Google Drive / Dropbox — Notes
Functional
- Multi-device file sync (incremental).
- Sharing (per-file ACL, link sharing).
- Versioning + restore.
- Preview, search.
- Office integration / live collab.
Non-functional
- Eventual consistency tolerated (seconds).
- Durability: 11×9s (S3-class).
- Conflict resolution: rename-on-conflict by default.
Capacity
- Avg user: 10 GB stored, hundreds of files.
- Dedup ratio: 25–50% within user, lower if encrypted client-side.
- 1B users × 10 GB = 10 EB; with dedup → ~5 EB physical.
Schema
files(id, owner, parent_id, name, mime, version, size, chunks[])
chunks(hash PK, refcount, blob_url) — global or per-user table
acl(file_id, principal_id, role)
events(user_id, ts, type, file_id) for change feed
Trade-offs
- Block dedup is the killer feature; CPU cost on client.
- Long-poll vs WebSocket vs push: combine; reliability over elegance.

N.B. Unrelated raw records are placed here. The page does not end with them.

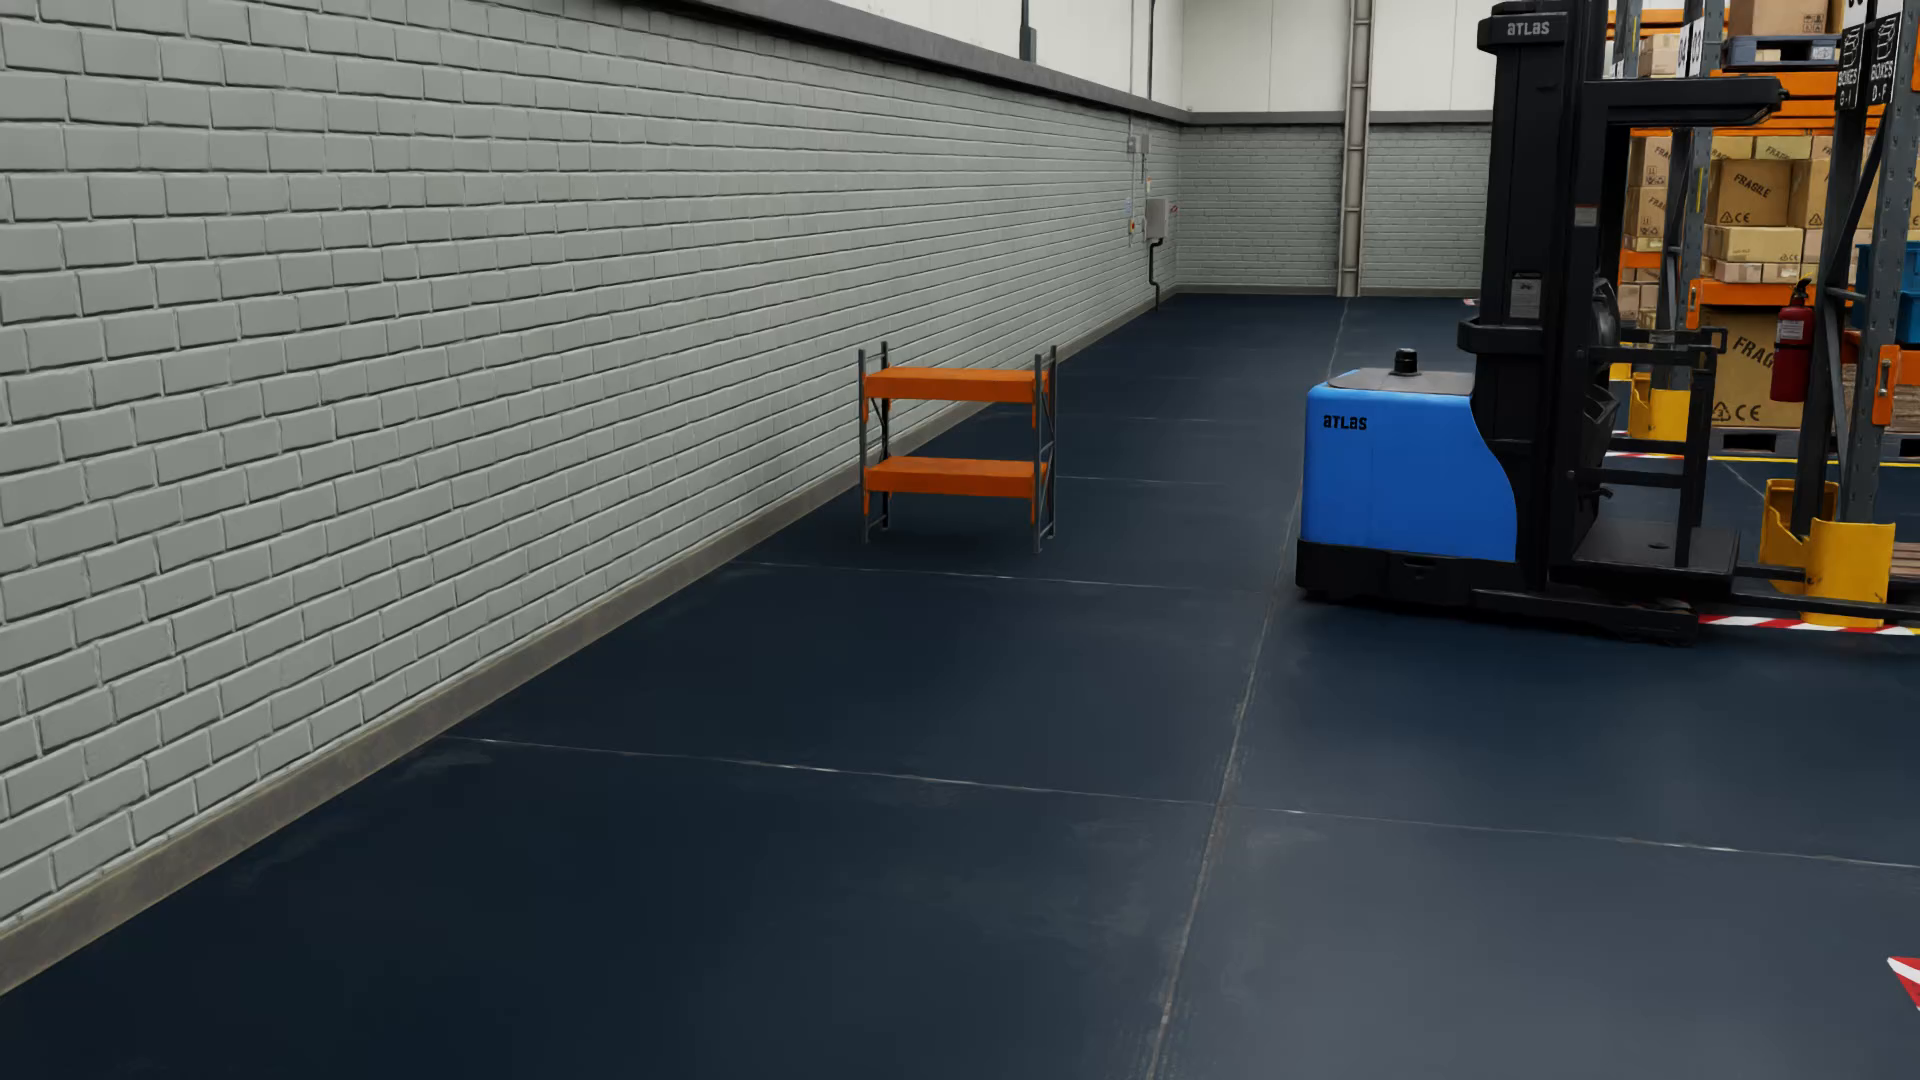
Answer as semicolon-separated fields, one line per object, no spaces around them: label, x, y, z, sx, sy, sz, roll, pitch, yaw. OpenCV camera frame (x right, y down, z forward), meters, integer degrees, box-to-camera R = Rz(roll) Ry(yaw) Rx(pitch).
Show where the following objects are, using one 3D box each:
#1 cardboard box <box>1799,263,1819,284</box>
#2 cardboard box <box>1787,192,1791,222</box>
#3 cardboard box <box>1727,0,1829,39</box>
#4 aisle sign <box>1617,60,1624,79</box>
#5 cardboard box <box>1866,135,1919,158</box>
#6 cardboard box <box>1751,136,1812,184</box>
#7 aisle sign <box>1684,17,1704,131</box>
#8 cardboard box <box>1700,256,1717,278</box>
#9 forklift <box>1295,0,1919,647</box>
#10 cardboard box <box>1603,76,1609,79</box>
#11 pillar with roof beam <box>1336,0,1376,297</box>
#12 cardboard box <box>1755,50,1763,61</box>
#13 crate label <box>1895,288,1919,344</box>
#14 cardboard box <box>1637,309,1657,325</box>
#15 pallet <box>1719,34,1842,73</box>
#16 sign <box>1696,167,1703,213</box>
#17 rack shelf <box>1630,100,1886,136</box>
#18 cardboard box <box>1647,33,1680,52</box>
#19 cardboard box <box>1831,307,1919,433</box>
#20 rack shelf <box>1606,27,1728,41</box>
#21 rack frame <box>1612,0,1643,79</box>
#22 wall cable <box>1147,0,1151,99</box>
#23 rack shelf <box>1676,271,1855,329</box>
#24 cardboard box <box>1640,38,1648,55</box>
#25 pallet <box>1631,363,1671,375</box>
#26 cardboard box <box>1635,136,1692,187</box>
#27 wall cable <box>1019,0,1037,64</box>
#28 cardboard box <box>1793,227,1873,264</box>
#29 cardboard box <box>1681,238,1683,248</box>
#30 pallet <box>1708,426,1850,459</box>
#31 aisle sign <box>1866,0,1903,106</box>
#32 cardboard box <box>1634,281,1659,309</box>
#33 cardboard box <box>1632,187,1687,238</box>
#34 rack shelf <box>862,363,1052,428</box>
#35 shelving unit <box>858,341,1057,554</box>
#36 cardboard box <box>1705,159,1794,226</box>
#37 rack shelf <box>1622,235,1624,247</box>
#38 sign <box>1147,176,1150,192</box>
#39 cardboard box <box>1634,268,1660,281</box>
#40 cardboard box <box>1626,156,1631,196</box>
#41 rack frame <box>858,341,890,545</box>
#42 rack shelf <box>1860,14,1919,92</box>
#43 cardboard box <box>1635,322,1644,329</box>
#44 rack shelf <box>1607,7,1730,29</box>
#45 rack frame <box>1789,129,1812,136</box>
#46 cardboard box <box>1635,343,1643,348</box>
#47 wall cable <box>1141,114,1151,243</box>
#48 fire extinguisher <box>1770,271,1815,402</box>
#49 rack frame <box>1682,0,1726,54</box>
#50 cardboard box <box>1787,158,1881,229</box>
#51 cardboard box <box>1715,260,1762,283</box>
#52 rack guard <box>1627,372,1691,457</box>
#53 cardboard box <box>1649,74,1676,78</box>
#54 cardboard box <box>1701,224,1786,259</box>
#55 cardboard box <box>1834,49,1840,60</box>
cardboard box;6.315;-1.981;12.316;0.250;0.149;0.380;3;13;12
cardboard box;8.206;-3.317;16.843;0.500;0.500;0.500;3;13;14
cardboard box;6.069;-3.969;12.340;0.500;0.500;0.700;2;13;10
aisle sign;6.695;-4.465;16.931;0.004;0.787;0.394;3;13;14
cardboard box;9.203;-3.752;16.496;0.500;0.500;0.500;3;13;15
cardboard box;8.201;-3.802;16.717;0.500;0.500;0.500;3;13;12
aisle sign;5.409;-3.427;12.254;0.004;0.787;0.394;3;13;14
cardboard box;5.976;-2.145;13.059;0.250;0.149;0.380;3;13;15
forklift;3.245;-1.078;7.826;3.031;2.935;1.130;6;14;26
cardboard box;8.384;-5.942;21.811;0.500;0.250;0.500;2;13;8
pillar with roof beam;5.678;-7.698;23.656;0.400;9.000;9.100;3;13;14
cardboard box;7.709;-4.786;16.647;0.500;0.250;0.500;3;13;13
crate label;4.525;-1.041;7.750;0.303;0.233;0.416;3;13;14
cardboard box;7.412;-2.385;17.795;0.250;0.149;0.380;3;13;14
pallet;6.274;-3.602;12.324;1.213;0.211;1.003;3;13;14
sign;5.412;-2.562;12.176;0.005;0.325;0.100;3;13;14
rack shelf;8.779;-4.265;16.765;4.000;0.370;1.077;3;13;14
cardboard box;7.098;-5.020;16.783;0.250;0.149;0.380;3;13;13
cardboard box;7.075;-1.321;12.701;0.875;0.875;0.875;3;13;14
rack shelf;11.053;-7.817;25.862;4.000;0.370;1.077;3;13;14
rack frame;6.838;-6.184;16.830;0.127;3.000;1.000;3;13;14
wall cable;2.518;-7.624;23.322;0.029;3.000;2.355;3;13;14
rack shelf;7.493;-1.762;12.413;4.000;0.370;1.077;3;13;14
cardboard box;7.231;-5.130;17.275;0.250;0.149;0.380;3;13;13
pallet;7.692;-1.840;17.541;1.213;0.211;1.003;3;13;14
cardboard box;7.210;-3.858;16.972;0.500;0.500;0.500;3;13;13
wall cable;0.887;-7.735;16.394;0.120;5.999;2.277;3;13;14
cardboard box;6.459;-2.182;12.303;0.500;0.250;0.500;3;13;13
cardboard box;7.331;-3.042;17.101;0.250;0.149;0.380;4;13;16
pallet;6.346;-0.831;12.992;1.213;0.211;1.003;3;13;14
aisle sign;4.223;-2.386;7.562;0.004;0.787;0.394;3;13;14
cardboard box;9.481;-3.197;22.162;0.875;0.438;0.875;3;13;15
cardboard box;7.207;-3.368;17.070;0.500;0.500;0.500;4;13;16
rack shelf;-0.007;-0.835;9.550;1.000;0.278;0.538;3;13;14
shelving unit;-0.007;-0.549;9.613;1.048;1.125;0.538;3;13;14
cardboard box;6.087;-2.685;12.841;0.500;0.500;0.500;3;13;14
rack shelf;9.867;-3.846;21.806;4.000;0.370;1.077;3;13;14
sign;2.876;-5.425;25.356;0.001;0.242;0.339;3;13;14
cardboard box;10.992;-4.177;26.438;0.500;0.500;0.500;3;13;15
cardboard box;8.827;-4.728;21.580;0.500;0.500;0.500;3;13;12
rack frame;-0.500;-0.576;9.732;0.032;1.125;0.500;3;13;14
rack shelf;6.306;-2.185;7.393;4.000;0.370;1.077;3;13;14
cardboard box;7.418;-2.246;17.858;0.250;0.149;0.380;3;13;12
rack shelf;9.867;-6.580;21.199;4.000;0.370;1.077;3;13;14
rack frame;12.995;-5.138;25.966;0.127;3.000;1.000;3;13;14
cardboard box;7.399;-2.085;17.818;0.250;0.149;0.380;3;13;14
wall cable;2.774;-5.384;24.729;0.122;1.984;0.588;3;13;14
fire extinguisher;4.327;-1.059;8.623;0.183;0.674;0.296;3;13;14
rack frame;5.551;-5.146;12.153;0.127;3.000;1.000;3;13;14
cardboard box;6.438;-2.548;12.220;0.500;0.500;0.500;3;13;12
cardboard box;5.817;-2.007;12.434;0.250;0.149;0.380;3;13;14
rack guard;5.528;-0.998;13.079;0.348;0.500;1.175;3;13;14
cardboard box;7.212;-4.569;16.824;0.500;0.250;0.500;4;13;16
cardboard box;6.085;-2.320;12.925;0.500;0.250;0.500;3;13;13
cardboard box;8.688;-4.731;16.401;0.500;0.250;0.500;3;13;11

- Conflict resolution: rename-on-conflict is simple; OT/CRDT for live collab on docs.
- Server-side encryption vs client-side: client-side breaks search and preview.
- Magic Pocket / Colossus vs S3: own infra at scale saves big money.
Refs
- Dropbox engineering blog: Magic Pocket, "Why we built our own…", FSEvents chains.
- Google Drive APIs + Docs collab papers.
- Casado: "Towards Internet-scale conflict-free replicated data types".
- ByteByteGo "Design Google Drive", Alex Xu Vol 2.